Thursday, December 20, 2007

Our Readers Respond...

A Message From Sen. Andrea Stewart-Cousins

Dear Editor:

I would like to take an opportunity to thank everyone for your support during this difficult time. The outpouring
of sympathy from my friends, supporters, and the entire community has meant so much to me and to my family.
Tom and I were married almost 30 years and raised three beautiful children. His loss and the love our family
shared is immeasurable but so is the generosity of spirit and love my family has received from all of you.

Know that we are strengthened by your thoughts and prayers and have been able to endure this trying life experience because we know we are surrounded by love. Your good wishes uplift our lives and help us to move forward in Tom’s memory.

Tom would have been overwhelmed to see all those who attended the services, sent food, cards, and flowers,
and called to convey their sympathy. His legacy of quiet strength and unwavering support for his family will always be remembered.

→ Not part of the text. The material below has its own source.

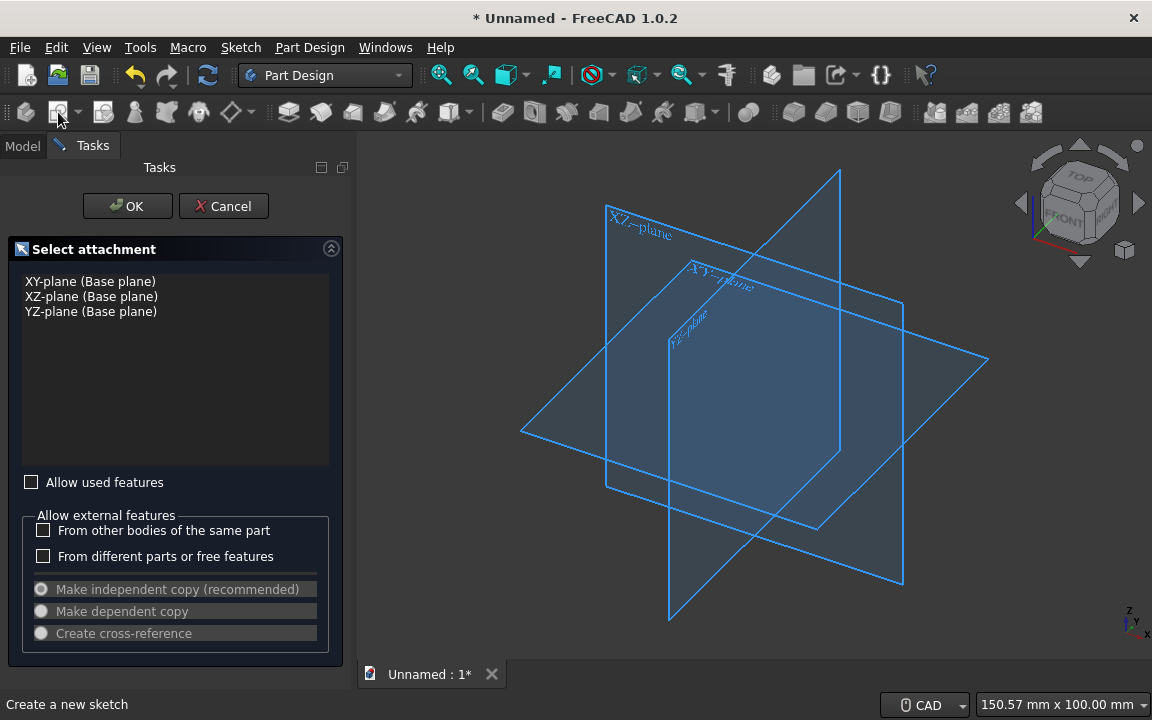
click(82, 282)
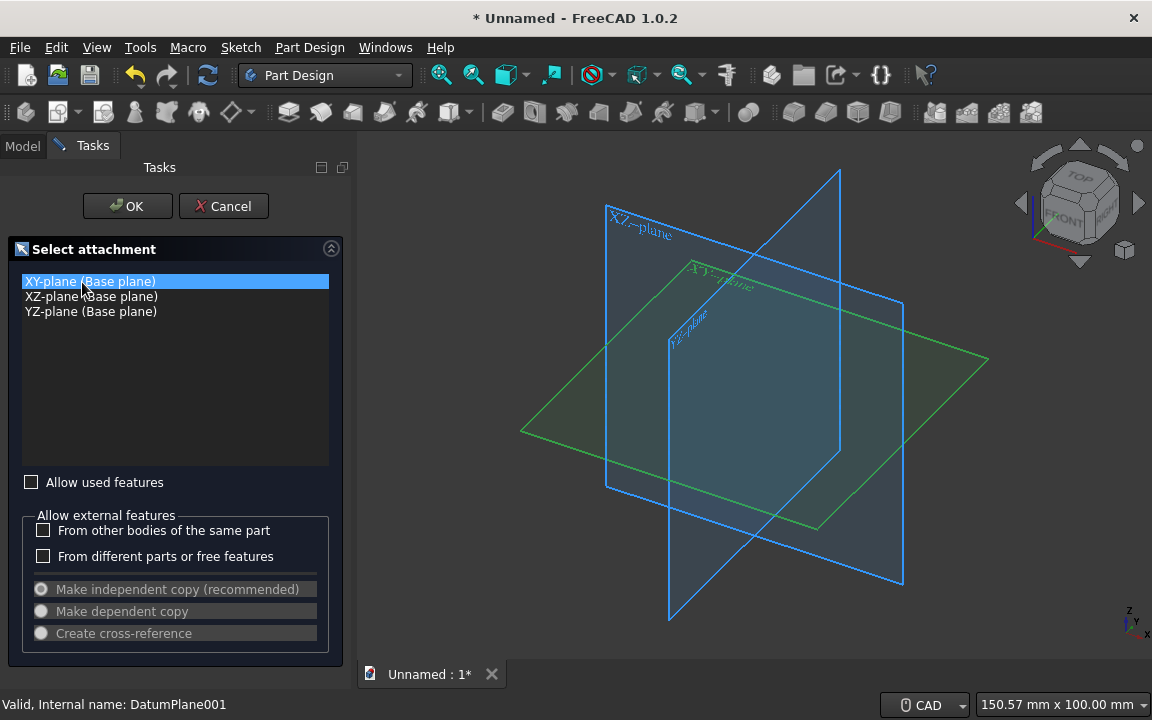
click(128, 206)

Again, thank you and accept my wishes to all for a safe and peaceful holiday season.

With deep gratitude,

Senator Andrea Stewart-Cousins

Ernie Busy At The Shredder

Dear Editor:

Ernie Davis and his cohorts are busy trying to cover up his criminal tracks before he gets out of the Mayor’s office on Dec. 31st. I work in City Hall. The Copy Room person (Ms. Harris’) job was to work on Ernie’s campaign. That’s all she did in City Hall. Now she is seen taking files out of the Mayor’s office for shredding.

Ernie said in the article in the Journal News about the FBI investigation of Wayne Charles that he did not know
Wayne Charles. This is a lie. Wayne Charles, his brother-inlaw Tom Terry, Gerrie Post and Ernie went to China together; expenses paid by Mount Vernon taxpayers. Tom Terry is Ernie’s Commissioner of Management Services. Ernie is shredding these records.

Ernie’s personal accountant (Mr. Hakim) works in the Planning Department. He is being paid out of Urban Renewal money to work on Ernie’s scheme to cover his tracks from the federal investigation. Lisa Copeland is one of Er-nie’s cohorts trying to cover up his crimes before he is indicted.

I encourage my fellow City Hall employees to snitch on the corruption that they know about Ernie Davis.

Honest City Hall Employee

Reader Takes Issue With Prior Respondent

Dear Editor:

I am writing in response to Mr. Warren D. Gross’ letter to Guardian columnist Eridania Camacho. While I respect his intent and passion for immigration reform, I was very disturbed by Mr. Gross’ description of African-Americans as the “new White community.”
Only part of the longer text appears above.